Вакцина против Эболы дальше всего вперед в развитии очистила критический этап и обрамила ближе к входу в крупномасштабные испытания эффективности в западноафриканских странах, трудно пораженных текущей эпидемией.Как сообщается онлайн сегодня в The New England Journal of Medicine (NEJM), американское исследование, сделанное у 20 здоровых людей ни в каком риске заболевания болезнью, нашло, что вакцина не вызвала серьезных побочных эффектов и, как надеялся, вызванные иммунные реакции против вируса Эбола. Вакцина, совместно развитая GlaxoSmithKline (GSK) и американским Национальным Институтом Аллергии и Инфекционных болезней (NIAID), содержит ген для протеина поверхности Эболы, сшитого в безопасном аденовирусе шимпанзе.
Исследователи в NIAID в Молитвенном доме, Мэриленд, начали испытание 2 сентября, и развитие суперкратчайшего пути вакцины могло переместить его в испытания, вовлекающие 15 000 человек в Либерию и Сьерра-Леоне в высоком риске заболевания болезнью, как только середина января, сказал директор NIAID Энтони Фоки ScienceInsider.Другие маленькие исследования вакцины, объединенный, вовлекающие 260 человек, идут полным ходом в Мали, Соединенном Королевстве и Швейцарии и должны произвести данные к концу следующего месяца. Рипли Баллоу, возглавляющий развитие вакцины против Эболы для GSK, сказал ScienceInsider, что компании нужны эти данные, прежде чем это сможет завершить планы относительно исследований эффективности. В частности Баллоу говорит, что продолжающиеся испытания должны разъясниться, какая доза вакцины вызовет самые прочные иммунные реакции без побочных эффектов.
Отчет в NEJM описывает результаты двух различных доз: более высокий вызвал более впечатляющее антитело и клеточные реакции T, но это также вызвало “переходную лихорадку” в двух получателях. Лихорадка является ранним симптомом самой Эболы, и вакцина, повышающая температуру тела, могла принудить получателей напрасно волноваться, что они заболевали болезнью. “Ясно мы хотим выбрать дозу, которая и иммуногена и имеет допустимый профиль reactogenicity, включая низкий уровень лихорадки”, говорит Баллоу, базирующийся в Риксенсарте, Бельгия.

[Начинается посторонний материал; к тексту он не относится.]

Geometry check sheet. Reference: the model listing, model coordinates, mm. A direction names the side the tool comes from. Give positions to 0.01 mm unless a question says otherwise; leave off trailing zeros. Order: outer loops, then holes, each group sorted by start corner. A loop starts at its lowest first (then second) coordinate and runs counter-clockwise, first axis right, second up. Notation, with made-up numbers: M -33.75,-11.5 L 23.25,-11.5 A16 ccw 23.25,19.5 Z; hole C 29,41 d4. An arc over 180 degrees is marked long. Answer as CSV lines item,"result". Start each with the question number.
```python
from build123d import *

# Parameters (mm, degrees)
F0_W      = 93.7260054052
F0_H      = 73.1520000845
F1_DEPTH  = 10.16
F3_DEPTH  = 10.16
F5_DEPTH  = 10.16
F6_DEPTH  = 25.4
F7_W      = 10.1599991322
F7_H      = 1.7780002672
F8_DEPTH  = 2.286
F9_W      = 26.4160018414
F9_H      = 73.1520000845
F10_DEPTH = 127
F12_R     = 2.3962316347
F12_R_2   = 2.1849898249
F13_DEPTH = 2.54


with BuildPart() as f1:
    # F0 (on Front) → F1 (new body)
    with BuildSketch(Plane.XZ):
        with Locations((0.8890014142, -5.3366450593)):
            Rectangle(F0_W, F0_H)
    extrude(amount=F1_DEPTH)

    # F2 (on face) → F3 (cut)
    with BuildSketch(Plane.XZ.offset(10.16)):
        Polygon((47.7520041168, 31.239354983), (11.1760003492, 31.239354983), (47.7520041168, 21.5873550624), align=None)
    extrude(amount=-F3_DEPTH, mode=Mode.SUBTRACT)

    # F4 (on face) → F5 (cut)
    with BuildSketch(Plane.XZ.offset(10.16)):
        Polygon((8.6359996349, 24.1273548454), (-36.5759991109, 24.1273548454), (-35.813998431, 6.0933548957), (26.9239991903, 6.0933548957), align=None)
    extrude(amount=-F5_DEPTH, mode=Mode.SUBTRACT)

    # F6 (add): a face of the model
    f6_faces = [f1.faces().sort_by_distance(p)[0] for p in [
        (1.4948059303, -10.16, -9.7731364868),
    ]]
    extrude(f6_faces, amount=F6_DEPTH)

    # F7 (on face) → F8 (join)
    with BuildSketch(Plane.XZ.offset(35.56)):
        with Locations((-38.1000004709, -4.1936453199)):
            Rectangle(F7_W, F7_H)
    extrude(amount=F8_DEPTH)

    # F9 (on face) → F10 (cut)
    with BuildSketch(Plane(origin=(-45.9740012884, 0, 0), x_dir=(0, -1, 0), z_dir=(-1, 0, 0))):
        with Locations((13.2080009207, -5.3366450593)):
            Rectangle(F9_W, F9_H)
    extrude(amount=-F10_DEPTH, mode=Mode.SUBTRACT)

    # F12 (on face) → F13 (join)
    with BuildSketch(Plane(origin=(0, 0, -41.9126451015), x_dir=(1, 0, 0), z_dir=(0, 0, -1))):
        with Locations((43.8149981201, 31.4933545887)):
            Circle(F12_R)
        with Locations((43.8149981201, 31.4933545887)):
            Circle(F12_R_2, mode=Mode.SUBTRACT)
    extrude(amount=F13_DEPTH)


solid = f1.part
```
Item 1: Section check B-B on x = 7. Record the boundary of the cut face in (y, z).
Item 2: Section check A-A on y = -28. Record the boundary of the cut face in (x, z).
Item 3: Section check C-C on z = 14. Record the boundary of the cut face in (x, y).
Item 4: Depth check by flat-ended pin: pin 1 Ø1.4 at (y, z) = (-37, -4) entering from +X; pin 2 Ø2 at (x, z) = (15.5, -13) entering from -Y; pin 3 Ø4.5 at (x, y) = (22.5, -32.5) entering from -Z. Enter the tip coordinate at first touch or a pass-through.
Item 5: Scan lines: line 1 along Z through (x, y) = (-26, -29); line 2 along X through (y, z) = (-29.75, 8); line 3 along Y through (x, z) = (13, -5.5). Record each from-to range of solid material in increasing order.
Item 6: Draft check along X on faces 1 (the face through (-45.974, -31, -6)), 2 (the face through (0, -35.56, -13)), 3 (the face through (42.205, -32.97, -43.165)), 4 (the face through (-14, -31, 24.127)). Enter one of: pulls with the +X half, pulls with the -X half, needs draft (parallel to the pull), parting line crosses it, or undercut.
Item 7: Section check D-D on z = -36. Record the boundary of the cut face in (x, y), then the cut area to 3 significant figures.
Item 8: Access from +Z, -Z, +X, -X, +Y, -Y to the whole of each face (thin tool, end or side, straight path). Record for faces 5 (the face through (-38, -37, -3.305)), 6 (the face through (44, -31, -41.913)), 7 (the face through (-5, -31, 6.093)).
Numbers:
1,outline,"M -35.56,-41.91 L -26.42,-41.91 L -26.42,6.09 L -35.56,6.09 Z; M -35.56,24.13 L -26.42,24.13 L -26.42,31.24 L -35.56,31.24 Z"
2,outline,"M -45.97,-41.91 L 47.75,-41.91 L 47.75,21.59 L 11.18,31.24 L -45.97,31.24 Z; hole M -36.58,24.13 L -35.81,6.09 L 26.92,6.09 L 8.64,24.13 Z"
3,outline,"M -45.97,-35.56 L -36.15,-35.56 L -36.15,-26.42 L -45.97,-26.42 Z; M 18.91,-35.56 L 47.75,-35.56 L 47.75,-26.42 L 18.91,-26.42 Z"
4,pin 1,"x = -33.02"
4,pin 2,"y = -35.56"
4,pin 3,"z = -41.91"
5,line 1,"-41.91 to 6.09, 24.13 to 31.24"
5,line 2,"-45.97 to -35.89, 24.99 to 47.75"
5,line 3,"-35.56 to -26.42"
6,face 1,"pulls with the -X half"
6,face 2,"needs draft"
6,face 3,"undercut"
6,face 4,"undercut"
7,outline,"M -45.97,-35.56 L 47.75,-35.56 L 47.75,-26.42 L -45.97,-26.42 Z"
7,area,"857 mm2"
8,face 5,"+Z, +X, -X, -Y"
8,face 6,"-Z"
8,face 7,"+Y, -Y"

Продолжающиеся испытания также оценивают дозу, промежуточную эти два, используемые на испытании NIAID.Фаучи говорит, что у него нет колебания, продвигающегося с более высокой дозой, используемой в исследовании NIAID. “Очевидно, мы хотели бы не видеть лихорадки, но факт, что у нас было две лихорадки, продлившиеся меньше чем 24 часа, не беспокоит меня”, говорит Фаучи. “Мы видим переходные лихорадки с другими вакцинами”.Подобные небольшие испытания второй вакцины против Эболы начались в октябре; результаты также ожидаются к декабрю, который определит, переместить ли его в испытания эффективности, и в который доза. Та вакцина, лицензируемая канадским правительством для Генетики NewLink Эймса, Айова, содержит ген для поверхностного протеина Эболы, сшитого в ослабленную версию везикулярного вируса стоматита (VSV), патогена, вызывающего болезнь у домашнего скота.
NewLink, небольшой стартап, сосредотачивающийся в основном на лекарствах от рака и не имеющий никаких продуктов на рынке, был несколько в тенях GSK, большого pharma. Но 24 ноября, NewLink и фармацевтический гигант Мерк Уайтхаус-Стейшена, Нью-Джерси, объявил, что они вошли в лицензионное соглашение совместно исследовать и развить вакцину против Эболы VSV.
Результаты тех исследований эффективности могли быть в к апрелю 2015. Если вакцины будут защищать людей от Эболы и будут казаться безопасными, то неотложный вопрос появится: GSK и Мерк будут иметь достаточно доз произведенным к тому времени для прививания достаточного количества людей — который мог означать сотни тысяч или даже миллионы — помогать закончить эту эпидемию?
*Файлы Эболы: Учитывая текущую вспышку Эболы, беспрецедентную с точки зрения числа людей, убил и быстродействующее географическое распространение, Наука и Наука, Переводная Медицина сделала коллекцию из исследования и новостных статей о вирусном заболевании в свободном доступе исследователям и широкой публике.